Eight, maybe nine months later, Shelly and I rode the bus home from school. It was a Thursday, Mama’s day off, Easter time. The cherry tree in the garden separating our driveway from that of the Whites was in brilliant, full bloom. We could hear it buzzing from the road. One of us checked the mailbox. We looked up the driveway at our house. Something was wrong with it, but we couldn’t tell what. Daddy was adding four rooms on to the house, and we were used to it appearing large and unfinished. We stood in the driveway and stared. Black tar paper was tacked to the outside walls of the new part, but the old part was still covered with white asbestos shingles. In the coming summer, Daddy and a crew of brick masons would finish transforming the house into a split-level ranch-style, remarkably similar to the one in which the Bradys would live. I loved the words
split-level ranch-style
. To me they meant “rich.”

Shelly and I spotted what was wrong at the same time. A giant television antenna had attached itself to the roof of our house. It was shiny and tall as a young tree. It looked dangerous, as if it would bite, like a praying mantis. The antenna slowly began to turn, as if it had noticed us. Shelly and I looked quickly at each other, our mouths wide open, and then back at the antenna. We sprinted up the driveway.

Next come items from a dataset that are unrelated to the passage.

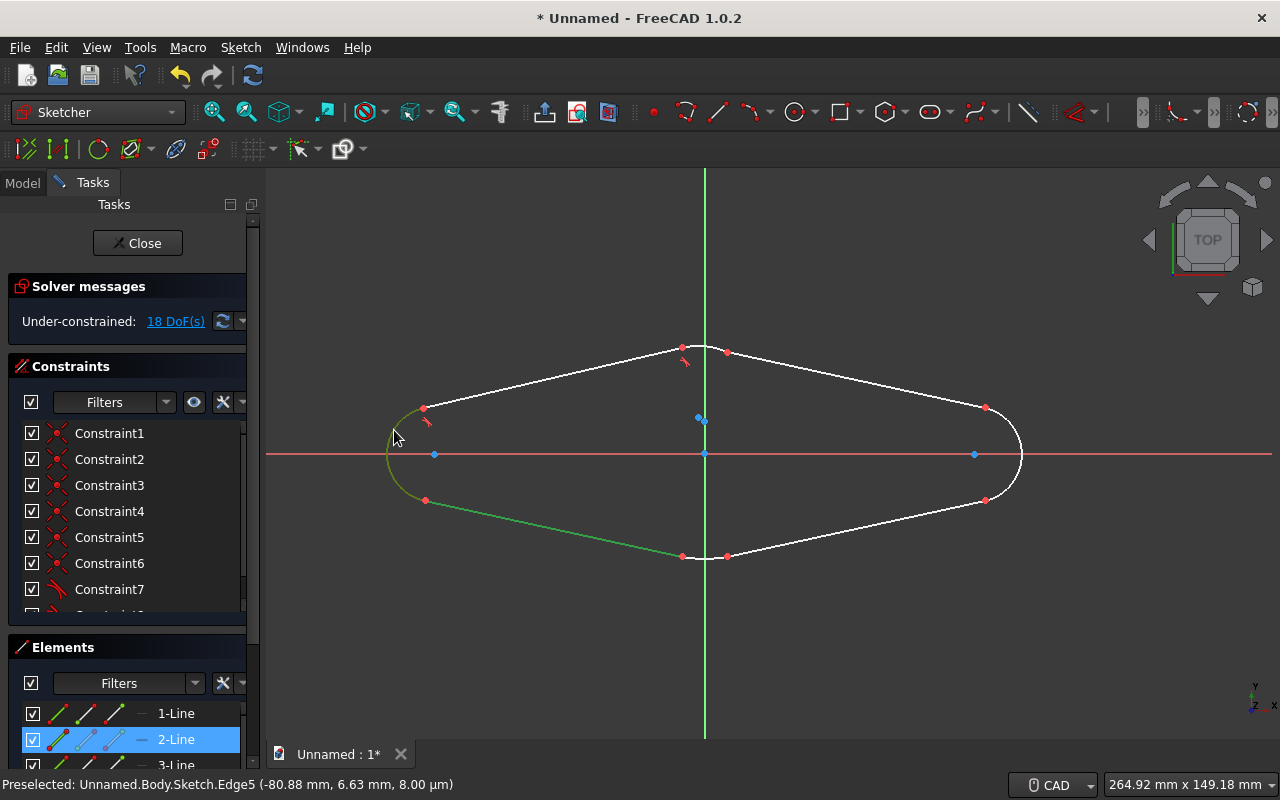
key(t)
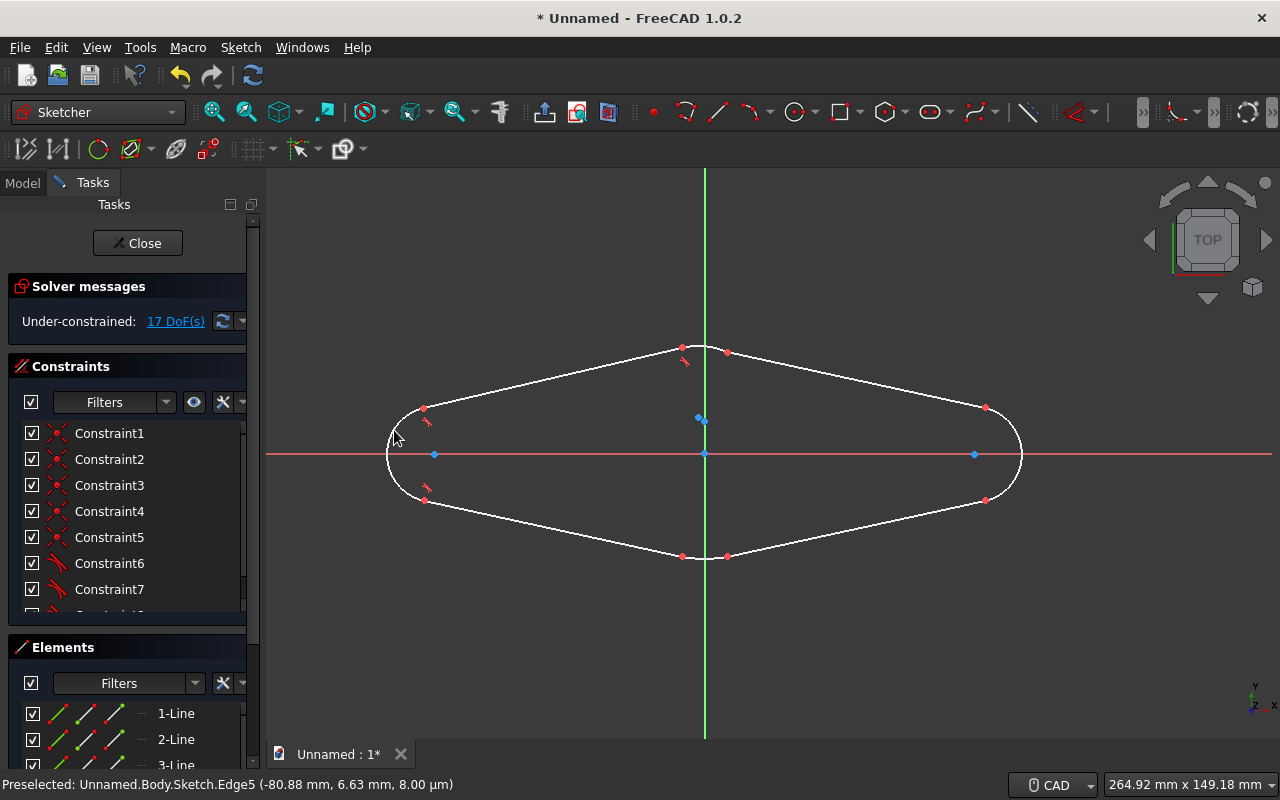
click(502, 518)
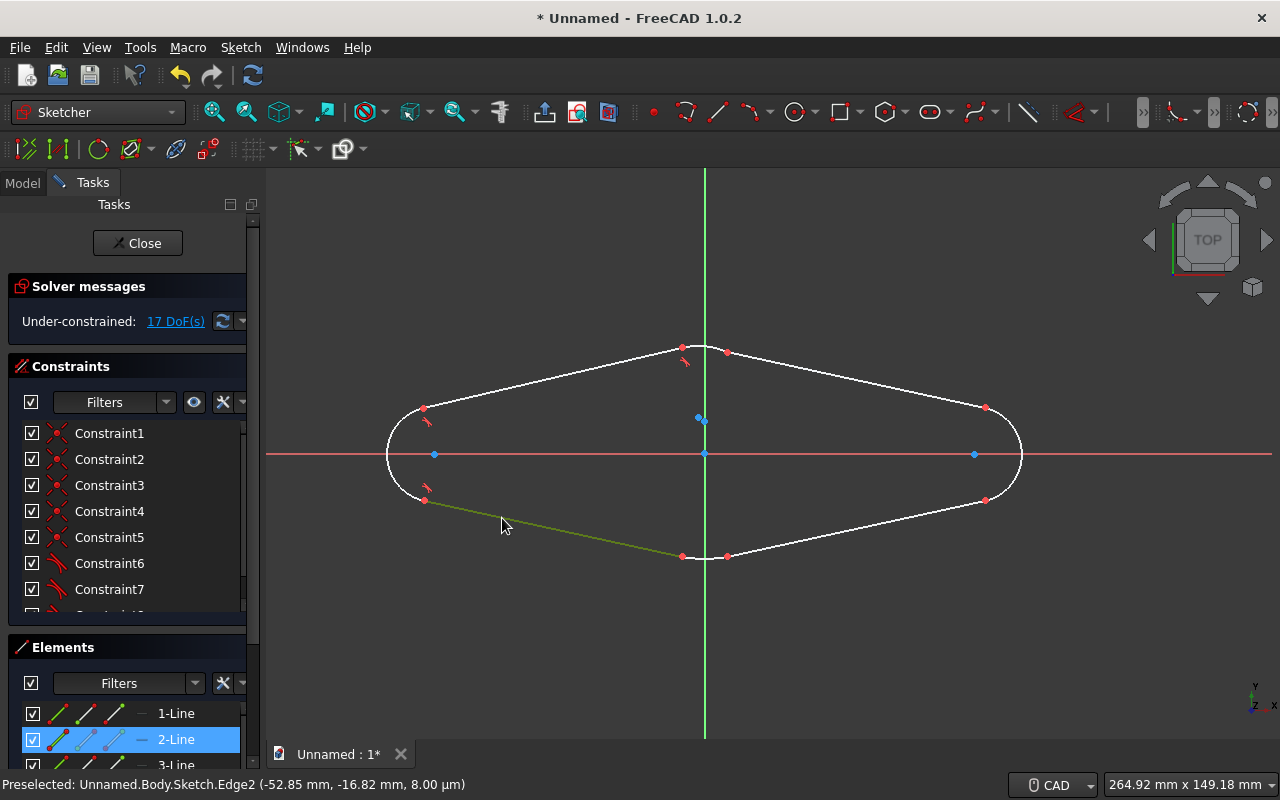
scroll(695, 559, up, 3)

In the living room, on the spot occupied by the Admiral that morning, sat a magnificent new color TV, a Zenith, with a twenty-one-inch screen. Its cabinet was made of real wood.
Gomer Pyle, U.S.M.C.
was on. I will never forget that. Gomer Pyle and Sergeant Carter were the first two people I ever saw on a color television. The olive green and khaki of their uniforms was dazzling. Above them was the blue sky of California. The sky in California seemed bluer than the sky in North Carolina.

We said, “Is that ours?”

Mama said, “I’m going to kill your daddy.” He had charged the TV without telling her. Two men from Sterchi’s Furniture had showed up at the house that morning with the TV on a truck. They climbed onto the roof and planted the antenna.

We said, “Can we keep it?”

Mama said, “I don’t know,” but I noticed she had written the numbers of the stations we could get on the dial of the Channel Master, the small box which controlled the direction the antenna pointed. Mama would never have written on anything she planned on taking back to the store.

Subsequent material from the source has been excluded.